Durant un mois – jusqu’au 14 juillet – Bonaparte ne quittera pas Le Caire. Sent-il, après l’effroyable retraite, qu’il lui faut reprendre en main le pays ? Plusieurs agitateurs sont enfermés à la citadelle. Bonaparte décide de les faire fusiller. Le 23 juin, le général Dugua lui fait cette proposition : « Les fusillades devenant fréquentes à la Citadelle, je me propose, général, d’y substituer un coupeur de têtes. Cela ménagerait nos cartouches et ne ferait pas tant d’éclat. » « Accordé », trace Bonaparte en marge de la demande. Sept lettres que l’on préférerait ne pas trouver sous la signature du futur empereur...

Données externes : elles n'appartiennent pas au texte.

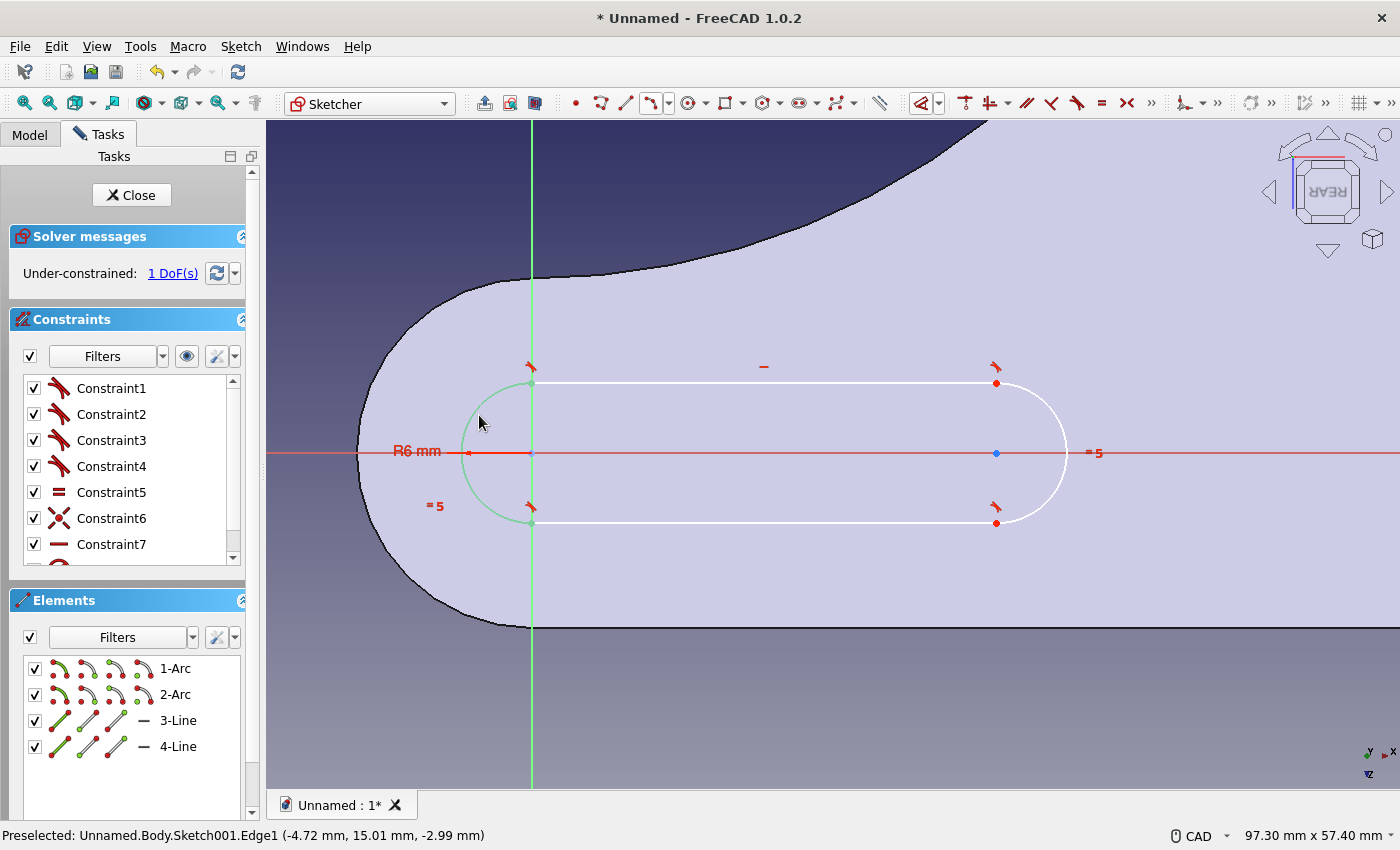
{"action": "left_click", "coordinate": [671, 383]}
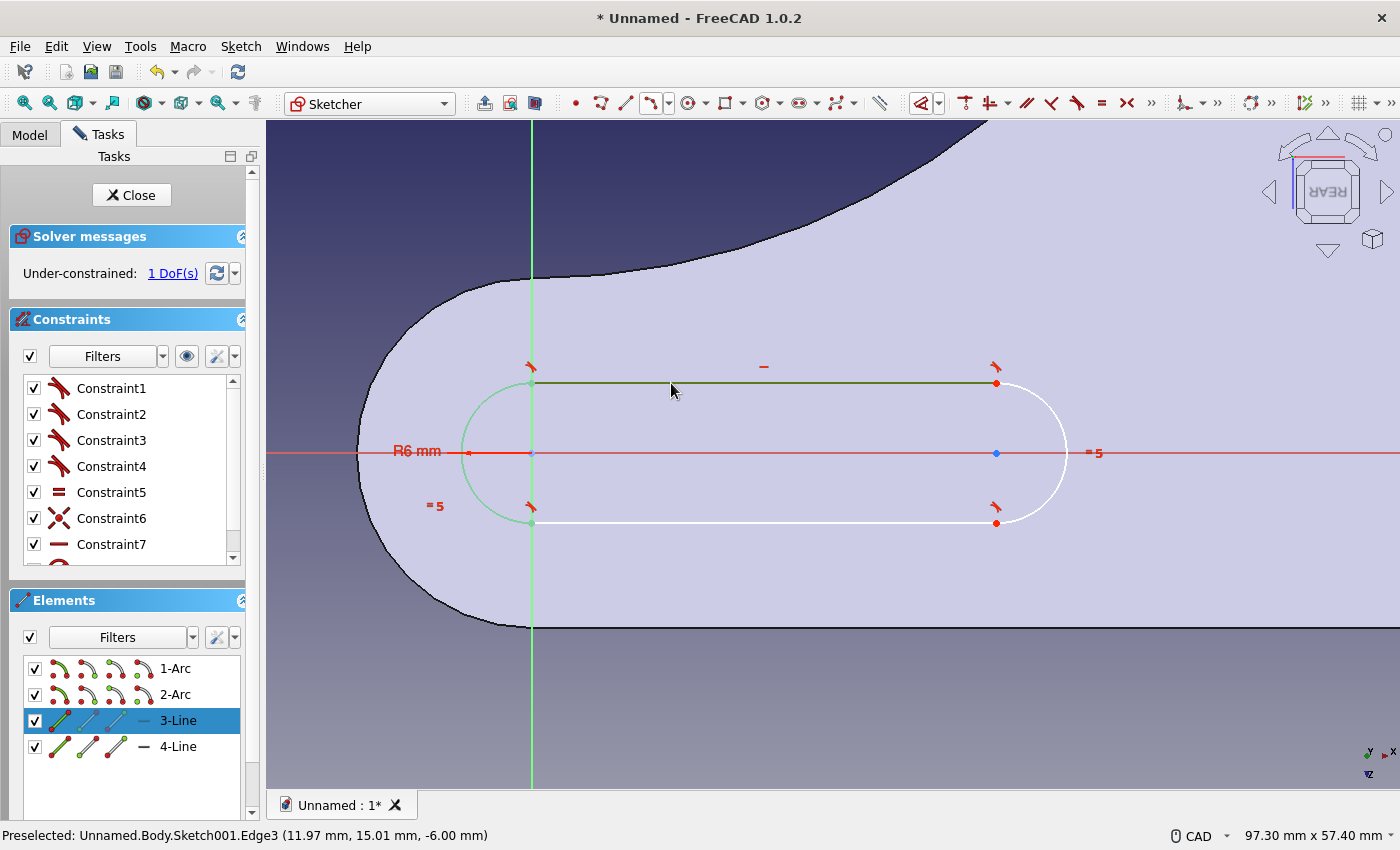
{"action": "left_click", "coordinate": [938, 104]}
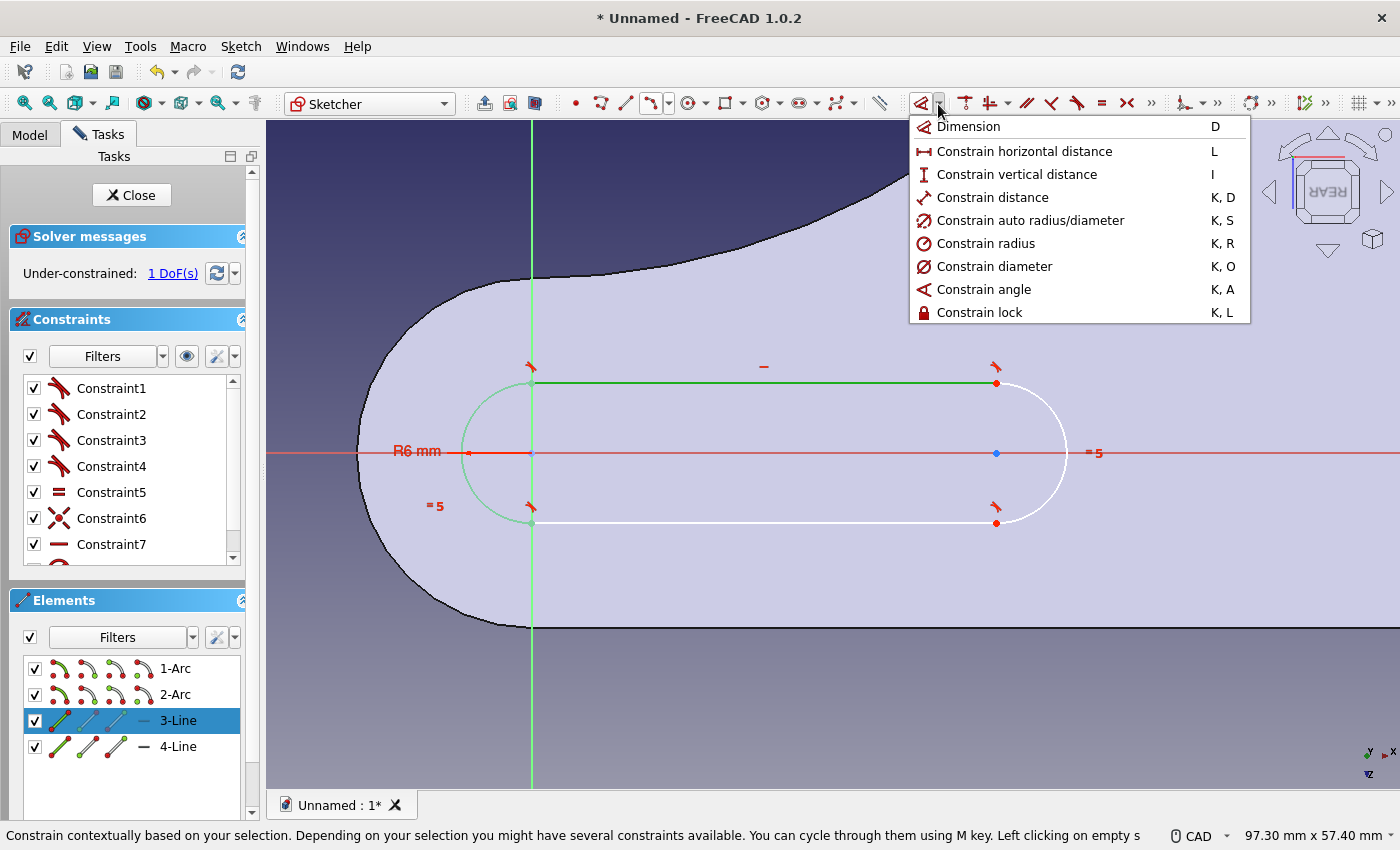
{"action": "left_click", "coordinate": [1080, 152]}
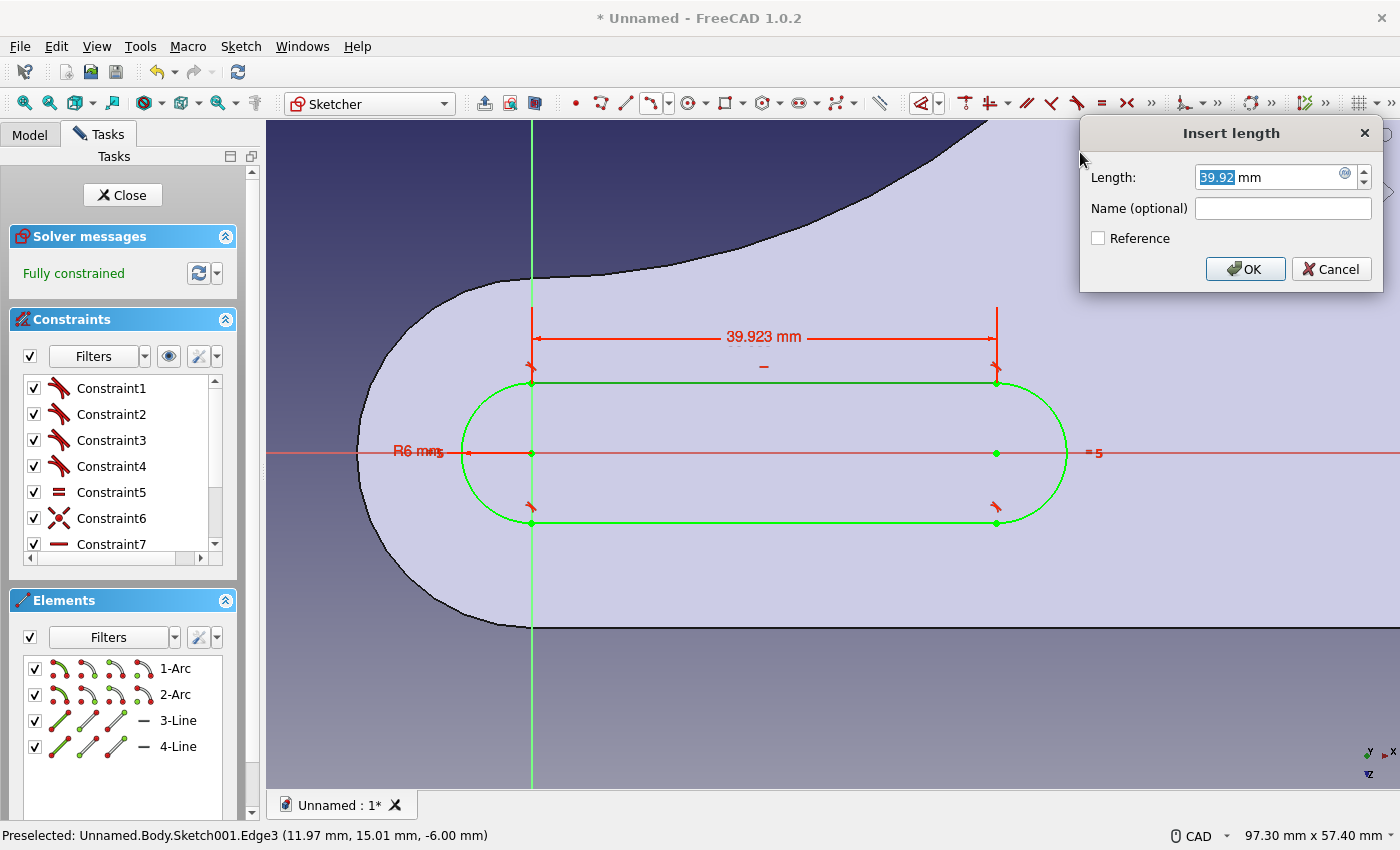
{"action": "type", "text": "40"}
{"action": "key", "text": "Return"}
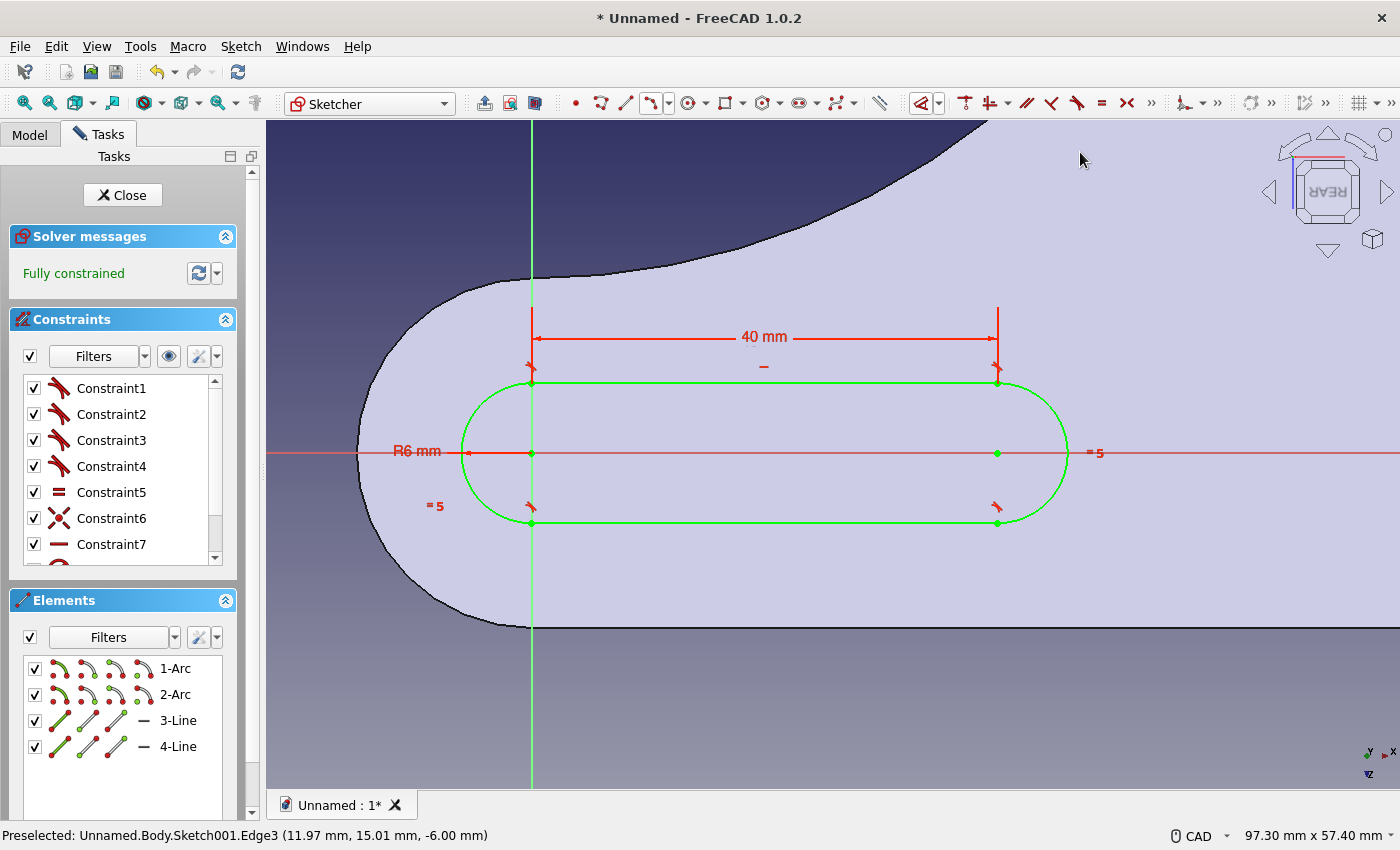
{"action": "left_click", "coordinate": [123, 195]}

Le 14 juillet, ayant appris que Mourad Bey campe aux Pyramides, Napoléon y transporte son quartier général, mais le lendemain une estafette lui annonce que, secondés par les Anglais de Sidney Smith, neuf à dix mille Turcs sont, au même moment, en train de débarquer et ont déjà occupé le fort d’Aboukir, non loin d’Alexandrie, dont ils ont massacré la garnison. Aussitôt, Bonaparte se met en route avec l’armée, forte de dix mille hommes. Il met une semaine pour atteindre Alexandrie, quitte le port le lendemain même de son arrivée et va passer la nuit à moins de deux lieues d’Aboukir. Le 25 juillet, les deux armées sont face à face : elles restent ainsi en présence durant deux longues heures, « dans ce calme avant-coureur de la tempête », a raconté Bonaparte.

— Cette bataille va décider du sort du monde, annonce-t-il à Murat.

La parole est tout d’abord donnée aux batteries françaises. Surprise par la violence du feu, la première vague turque perd contenance. Lannes fonce, bouscule les Ottomans, les repousse vers la plaine où les attend la cavalerie. En une heure, la première ligne turque est rejetée à la mer. Demeure la seconde ligne dont le centre occupe la redoute du mont Vizir et qui possède dix-sept bouches à feu. Dès le début de l’action, l’artillerie française prend l’ennemi à revers. Dans la trouée faite par les canons, Murat, suivi de six cents cavaliers, s’engouffre et fait un effarant massacre.

— Est-ce que la cavalerie a juré de tout faire aujourd’hui ? s’exclame Bonaparte.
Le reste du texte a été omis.